BLAG, as one might have anticipated, stakes out quite a different position in its new brief on jurisdiction.  Its case is built in part on a measure enacted by the House of Representatives in January 2013, a month after the Court granted review in this case, by which the House expressly authorized BLAG to “continue” to represent its interest in defending Section 3 of DOMA in this and other cases.  BLAG’s brief stresses the word “continue” and cites a history going back several decades of  BLAG authorizing intervention in pending litigation on behalf of the House of Representatives, and courts (including the Supreme Court) allowing it to participate.  BLAG argues in line with the arguments filed in January by Prof. Vicki Jackson of Harvard, who was appointed by the Court to present the case against jurisdiction, that DOJ does not have standing in the case because its view prevailed in the 2nd Circuit.  BLAG disputes DOJ’s assertion that the government is an “aggrieved party,” arguing that the government got exactly what it was seeking from the lower court, and quoting prior Supreme Court decisions asserting that a party that got what it wanted from a lower court could not bring its case to the Supreme Court.

But BLAG does not argue that the Court should not decide the case.  First, it contends that because it has standing it can bring the issue of Section 3’s constitutionality before the Court for resolution.  Thus, BLAG argues that the Court should dismiss DOJ’s petition for certiorari as improperly granted, but should at the same time grant the petition that BLAG filed later in December.  “This Court can grant the House’s petition in No. 12-785 and issue its merits decision in that case without need for further briefing and argument,” contends BLAG, since the questions presented in both petitions are the same and all parties will be arguing their cases to the Court on March 26.  While this would be unusual, it does present a plausible roadmap for the Court to rule on the merits if it decides that DOJ’s agreement with the lower court’s decision would deprive the government, as represented by DOJ, of “appellate standing” to bring the case to the Court.

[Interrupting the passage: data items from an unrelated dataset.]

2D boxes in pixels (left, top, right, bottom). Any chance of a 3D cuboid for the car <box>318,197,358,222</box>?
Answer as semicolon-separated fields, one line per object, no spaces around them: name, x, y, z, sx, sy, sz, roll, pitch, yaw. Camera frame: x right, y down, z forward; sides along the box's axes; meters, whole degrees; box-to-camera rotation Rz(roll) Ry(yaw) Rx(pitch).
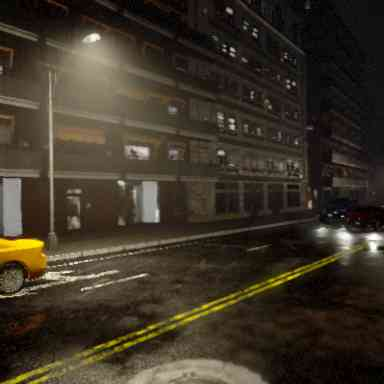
car;12.467;1.435;27.857;2.150;2.045;5.566;-1;-1;41

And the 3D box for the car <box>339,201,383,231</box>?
car;11.631;1.625;21.935;1.882;1.535;5.008;-1;-1;41

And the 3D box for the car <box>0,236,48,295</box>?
car;-5.881;1.655;7.346;1.882;1.535;5.008;-1;-1;43
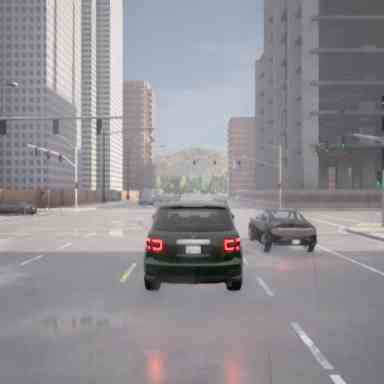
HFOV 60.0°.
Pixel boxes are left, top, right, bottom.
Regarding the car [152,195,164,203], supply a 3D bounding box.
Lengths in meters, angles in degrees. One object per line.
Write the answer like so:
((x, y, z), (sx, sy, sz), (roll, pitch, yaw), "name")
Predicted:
((-7.033, 1.466, 68.501), (1.837, 1.490, 4.892), (0, 1, 1), "car")

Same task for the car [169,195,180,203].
((-3.534, 1.465, 68.486), (1.837, 1.490, 4.892), (0, 1, 1), "car")

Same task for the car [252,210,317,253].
((3.540, 1.485, 13.726), (2.128, 1.511, 4.902), (0, 0, 0), "car")

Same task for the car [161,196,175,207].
((-3.815, 1.479, 53.348), (1.837, 1.490, 4.892), (0, 0, 1), "car")

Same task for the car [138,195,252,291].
((0.034, 1.217, 9.149), (2.150, 2.045, 5.566), (0, 0, 0), "car")

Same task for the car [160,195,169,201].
((-6.826, 1.451, 83.599), (1.895, 1.301, 4.718), (0, 0, 1), "car")

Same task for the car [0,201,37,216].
((-17.210, 1.548, 32.010), (4.181, 1.385, 1.994), (0, 0, 3), "car")

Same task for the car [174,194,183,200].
((-3.321, 1.273, 83.940), (1.994, 1.385, 4.181), (0, 0, 1), "car")

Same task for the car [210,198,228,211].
((3.301, 1.484, 42.018), (1.837, 1.490, 4.892), (0, 0, 0), "car")

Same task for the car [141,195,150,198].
((-7.314, 1.326, 53.353), (2.097, 1.767, 4.553), (0, 0, 1), "car")
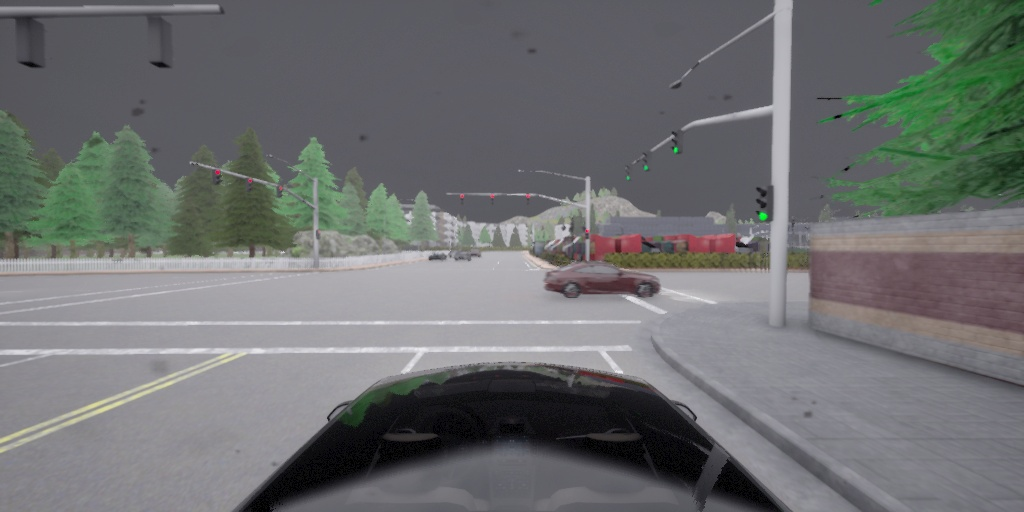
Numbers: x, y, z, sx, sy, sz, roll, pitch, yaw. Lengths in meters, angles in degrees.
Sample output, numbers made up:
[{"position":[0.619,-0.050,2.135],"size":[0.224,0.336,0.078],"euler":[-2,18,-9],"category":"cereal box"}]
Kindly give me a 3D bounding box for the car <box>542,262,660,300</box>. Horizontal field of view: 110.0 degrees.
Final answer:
[{"position":[3.580,0.957,14.626],"size":[4.674,1.442,1.812],"euler":[0,2,0],"category":"car"}]

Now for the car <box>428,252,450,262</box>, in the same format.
[{"position":[-10.550,0.098,50.962],"size":[1.895,1.301,4.718],"euler":[0,1,0],"category":"car"}]

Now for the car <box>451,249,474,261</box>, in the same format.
[{"position":[-7.048,0.044,51.640],"size":[1.994,1.385,4.181],"euler":[0,1,0],"category":"car"}]
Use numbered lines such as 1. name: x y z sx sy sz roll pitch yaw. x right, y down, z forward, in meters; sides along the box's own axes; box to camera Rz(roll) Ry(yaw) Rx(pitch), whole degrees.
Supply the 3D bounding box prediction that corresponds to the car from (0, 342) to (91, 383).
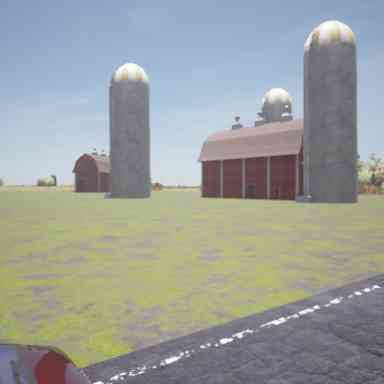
1. car: -2.426 1.573 1.347 4.181 1.385 1.994 0 0 -35
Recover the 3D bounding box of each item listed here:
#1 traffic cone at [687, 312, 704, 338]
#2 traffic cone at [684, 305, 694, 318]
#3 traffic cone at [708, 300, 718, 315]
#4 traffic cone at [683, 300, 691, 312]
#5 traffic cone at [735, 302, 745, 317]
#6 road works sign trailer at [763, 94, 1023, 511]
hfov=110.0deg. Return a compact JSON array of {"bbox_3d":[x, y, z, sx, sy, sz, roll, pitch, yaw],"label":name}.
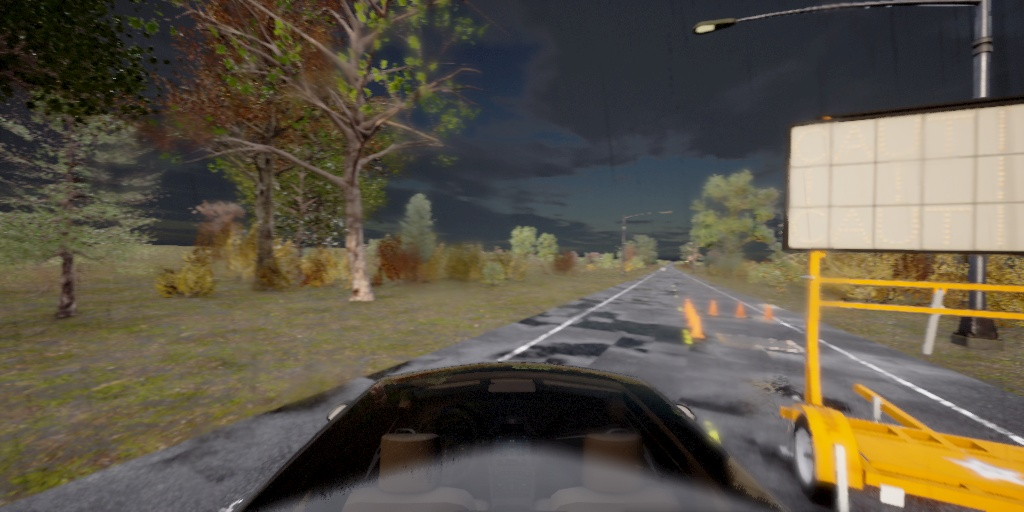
[{"bbox_3d":[5.331,2.019,10.354,0.340,0.580,0.340,0,0,24],"label":"traffic cone"},{"bbox_3d":[6.135,2.073,12.184,0.340,0.580,0.340,0,0,24],"label":"traffic cone"},{"bbox_3d":[8.656,2.210,15.443,0.340,0.580,0.340,0,0,24],"label":"traffic cone"},{"bbox_3d":[6.938,2.127,14.016,0.340,0.580,0.340,0,0,24],"label":"traffic cone"},{"bbox_3d":[9.571,2.239,15.042,0.340,0.580,0.340,0,0,24],"label":"traffic cone"},{"bbox_3d":[3.900,0.383,3.395,2.380,3.560,2.880,0,0,25],"label":"road works sign trailer"}]
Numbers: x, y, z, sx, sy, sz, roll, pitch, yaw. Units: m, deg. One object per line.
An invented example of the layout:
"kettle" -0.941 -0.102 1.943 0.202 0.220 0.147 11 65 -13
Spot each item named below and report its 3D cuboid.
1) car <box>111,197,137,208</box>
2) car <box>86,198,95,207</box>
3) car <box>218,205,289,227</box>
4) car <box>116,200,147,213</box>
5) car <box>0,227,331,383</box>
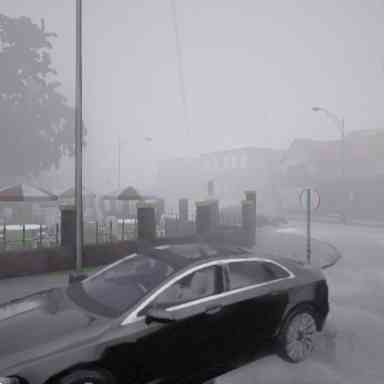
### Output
"car" -10.009 1.478 48.739 1.882 1.535 5.008 0 0 -35
"car" -16.250 1.368 50.421 2.097 1.767 4.553 0 0 -36
"car" 3.785 1.547 22.241 2.033 1.411 5.357 0 0 -36
"car" -6.117 1.506 36.095 1.837 1.490 4.892 0 0 -35
"car" -0.227 1.491 4.315 4.902 1.511 2.128 0 0 -34
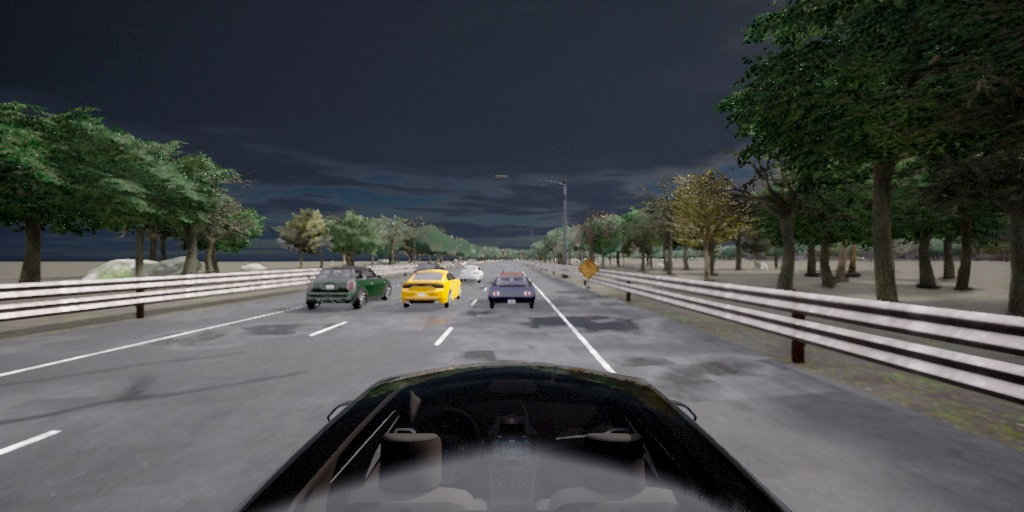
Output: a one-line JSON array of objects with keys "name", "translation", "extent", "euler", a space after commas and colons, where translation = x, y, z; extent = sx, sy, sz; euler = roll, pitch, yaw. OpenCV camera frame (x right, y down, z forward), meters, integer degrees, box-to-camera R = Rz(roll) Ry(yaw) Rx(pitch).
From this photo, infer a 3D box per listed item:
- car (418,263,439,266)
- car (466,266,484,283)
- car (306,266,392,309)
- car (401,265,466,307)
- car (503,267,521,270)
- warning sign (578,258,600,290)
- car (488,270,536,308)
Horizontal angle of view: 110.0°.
[{"name": "car", "translation": [-7.010, 1.383, 30.925], "extent": [2.097, 1.767, 4.553], "euler": [0, -1, 0]}, {"name": "car", "translation": [-3.509, 1.562, 31.247], "extent": [1.812, 1.442, 4.674], "euler": [0, 0, 0]}, {"name": "car", "translation": [-7.004, 1.237, 15.926], "extent": [2.097, 1.767, 4.553], "euler": [0, -1, 0]}, {"name": "car", "translation": [-3.501, 1.369, 16.331], "extent": [1.882, 1.535, 5.008], "euler": [0, 0, 0]}, {"name": "car", "translation": [-0.010, 1.634, 30.958], "extent": [1.895, 1.301, 4.718], "euler": [0, -1, 0]}, {"name": "warning sign", "translation": [4.542, 1.054, 21.275], "extent": [1.300, 1.860, 1.060], "euler": [0, 0, 0]}, {"name": "car", "translation": [-0.005, 1.488, 15.962], "extent": [1.895, 1.301, 4.718], "euler": [0, -1, 0]}]
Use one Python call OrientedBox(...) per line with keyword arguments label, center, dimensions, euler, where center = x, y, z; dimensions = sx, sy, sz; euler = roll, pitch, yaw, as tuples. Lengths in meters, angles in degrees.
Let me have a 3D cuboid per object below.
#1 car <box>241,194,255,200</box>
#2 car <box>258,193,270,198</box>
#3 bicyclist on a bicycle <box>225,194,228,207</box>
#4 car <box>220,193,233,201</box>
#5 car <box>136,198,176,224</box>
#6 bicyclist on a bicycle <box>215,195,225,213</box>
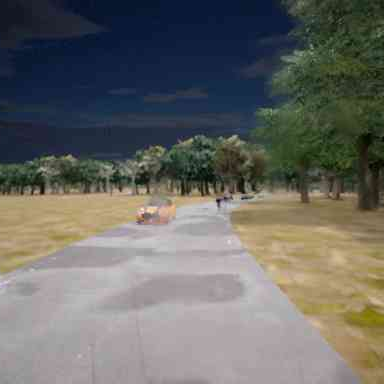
OrientedBox(label="car", center=(11.509, 0.990, 68.203), dimensions=(1.895, 1.301, 4.718), euler=(0, 1, 23))
OrientedBox(label="car", center=(17.836, 0.782, 82.036), dimensions=(1.895, 1.301, 4.718), euler=(1, 1, 28))
OrientedBox(label="bicyclist on a bicycle", center=(4.108, 1.089, 40.715), dimensions=(0.659, 1.776, 1.843), euler=(0, 1, 12))
OrientedBox(label="car", center=(6.599, 0.955, 63.868), dimensions=(2.128, 1.511, 4.902), euler=(0, 1, 20))
OrientedBox(label="car", center=(-2.379, 1.207, 23.009), dimensions=(2.097, 1.767, 4.553), euler=(0, 0, 5))
OrientedBox(label="bicyclist on a bicycle", center=(2.574, 1.165, 31.998), dimensions=(0.659, 1.776, 1.843), euler=(0, 1, 8))
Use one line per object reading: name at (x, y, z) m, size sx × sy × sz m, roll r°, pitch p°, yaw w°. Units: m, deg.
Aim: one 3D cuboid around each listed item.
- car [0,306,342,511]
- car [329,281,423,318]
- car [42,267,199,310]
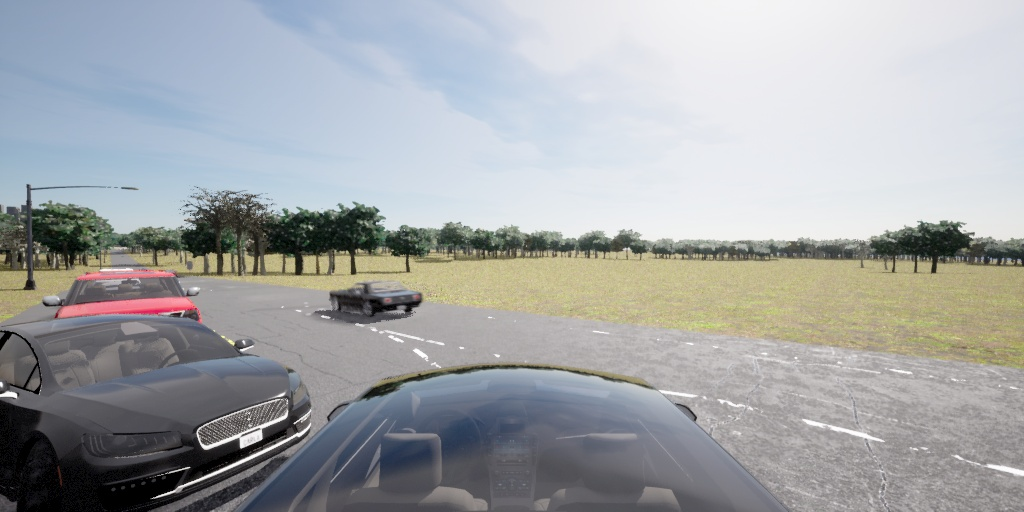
car at (-4.502, 1.445, 4.019) m, size 4.892 × 1.490 × 1.837 m, roll -3°, pitch -3°, yaw 22°
car at (-5.818, 1.698, 14.980) m, size 4.718 × 1.301 × 1.895 m, roll -2°, pitch 0°, yaw 42°
car at (-9.341, 1.386, 8.740) m, size 5.566 × 2.045 × 2.150 m, roll -2°, pitch 0°, yaw 42°
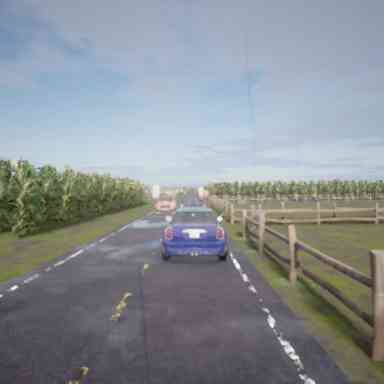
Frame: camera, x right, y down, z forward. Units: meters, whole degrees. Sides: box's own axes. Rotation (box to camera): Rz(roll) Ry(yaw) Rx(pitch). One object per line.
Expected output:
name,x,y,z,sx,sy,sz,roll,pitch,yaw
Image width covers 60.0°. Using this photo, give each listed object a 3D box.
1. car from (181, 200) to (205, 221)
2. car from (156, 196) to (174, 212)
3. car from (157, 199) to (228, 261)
car,0.086,1.426,27.590,1.837,1.490,4.892,0,0,0
car,-2.830,1.243,37.456,2.097,1.767,4.553,0,0,0
car,0.084,1.320,12.265,2.097,1.767,4.553,0,0,0
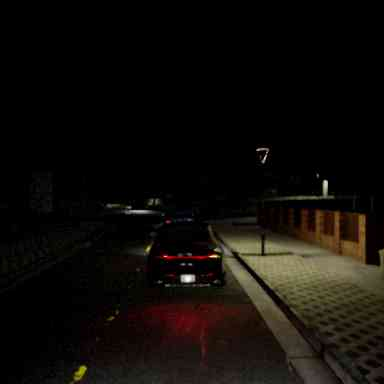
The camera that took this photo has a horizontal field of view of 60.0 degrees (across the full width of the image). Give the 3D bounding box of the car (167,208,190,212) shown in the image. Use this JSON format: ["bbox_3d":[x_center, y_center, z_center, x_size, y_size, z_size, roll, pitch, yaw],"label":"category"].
[{"bbox_3d":[-0.838,1.696,20.500,2.033,1.411,5.357,0,0,-4],"label":"car"}]

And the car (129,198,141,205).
[{"bbox_3d":[-14.576,2.398,84.666,2.128,1.511,4.902,0,-1,-20],"label":"car"}]

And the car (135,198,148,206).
[{"bbox_3d":[-11.419,2.190,75.053,2.097,1.767,4.553,0,-1,-18],"label":"car"}]

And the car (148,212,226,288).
[{"bbox_3d":[-0.173,1.571,9.439,1.837,1.490,4.892,0,0,-2],"label":"car"}]

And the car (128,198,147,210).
[{"bbox_3d":[-8.430,2.005,51.987,2.128,1.511,4.902,0,-1,-12],"label":"car"}]
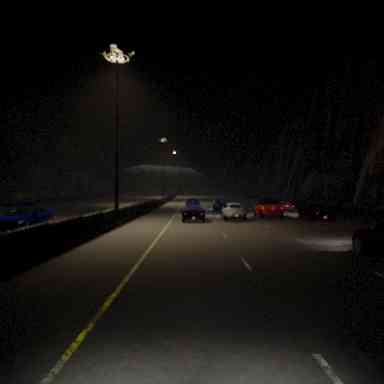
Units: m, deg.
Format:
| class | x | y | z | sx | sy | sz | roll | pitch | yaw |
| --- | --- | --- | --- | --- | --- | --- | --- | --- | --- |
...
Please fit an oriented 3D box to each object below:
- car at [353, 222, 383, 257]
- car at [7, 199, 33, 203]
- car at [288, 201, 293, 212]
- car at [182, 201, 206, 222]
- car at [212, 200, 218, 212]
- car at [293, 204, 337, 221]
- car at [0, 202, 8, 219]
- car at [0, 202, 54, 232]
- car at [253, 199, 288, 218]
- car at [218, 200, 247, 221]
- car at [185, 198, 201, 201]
| class | x | y | z | sx | sy | sz | roll | pitch | yaw |
| --- | --- | --- | --- | --- | --- | --- | --- | --- | --- |
| car | 7.106 | 1.557 | 10.777 | 1.882 | 1.535 | 5.008 | 0 | -1 | 0 |
| car | -14.035 | 1.474 | 26.583 | 2.097 | 1.767 | 4.553 | 0 | 0 | 1 |
| car | 10.540 | 1.603 | 39.286 | 2.033 | 1.411 | 5.357 | 0 | 0 | 0 |
| car | 0.119 | 1.709 | 27.781 | 1.895 | 1.301 | 4.718 | 0 | 0 | 0 |
| car | 3.554 | 1.620 | 40.286 | 1.994 | 1.385 | 4.181 | 0 | 0 | 0 |
| car | 10.520 | 1.698 | 28.469 | 1.895 | 1.301 | 4.718 | 0 | 0 | 0 |
| car | -17.527 | 1.629 | 27.491 | 1.837 | 1.490 | 4.892 | 0 | 0 | 1 |
| car | -10.487 | 1.632 | 20.978 | 1.882 | 1.535 | 5.008 | 0 | 0 | 0 |
| car | 7.048 | 1.446 | 31.042 | 2.097 | 1.767 | 4.553 | 0 | 0 | 0 |
| car | 3.520 | 1.629 | 28.451 | 1.812 | 1.442 | 4.674 | 0 | 0 | 0 |
| car | 0.125 | 1.513 | 43.584 | 1.882 | 1.535 | 5.008 | 0 | 1 | 0 |

Thus, all the parties reject Prof. Jackson’s argument that because the Court lacks jurisdiction in this case, it should dismiss the petition and leave matters to further development in the lower courts.  Nobody agrees that it would be preferable to let the issue of Section 3’s constitutionality play out without a definitive resolution for several years.   All parties agree that the result would be potentially thousands of individual lawsuits burdening the federal courts until at least one case generates an adverse court of appeals decision that can be appealed buy the disappointed plaintiff.  And each party argues that somehow an argument can be constructed that the Court has proper jurisdiction of the case so that it can rule on the merits.  Nobody wants a delay in determining whether Section 3 is constitutional.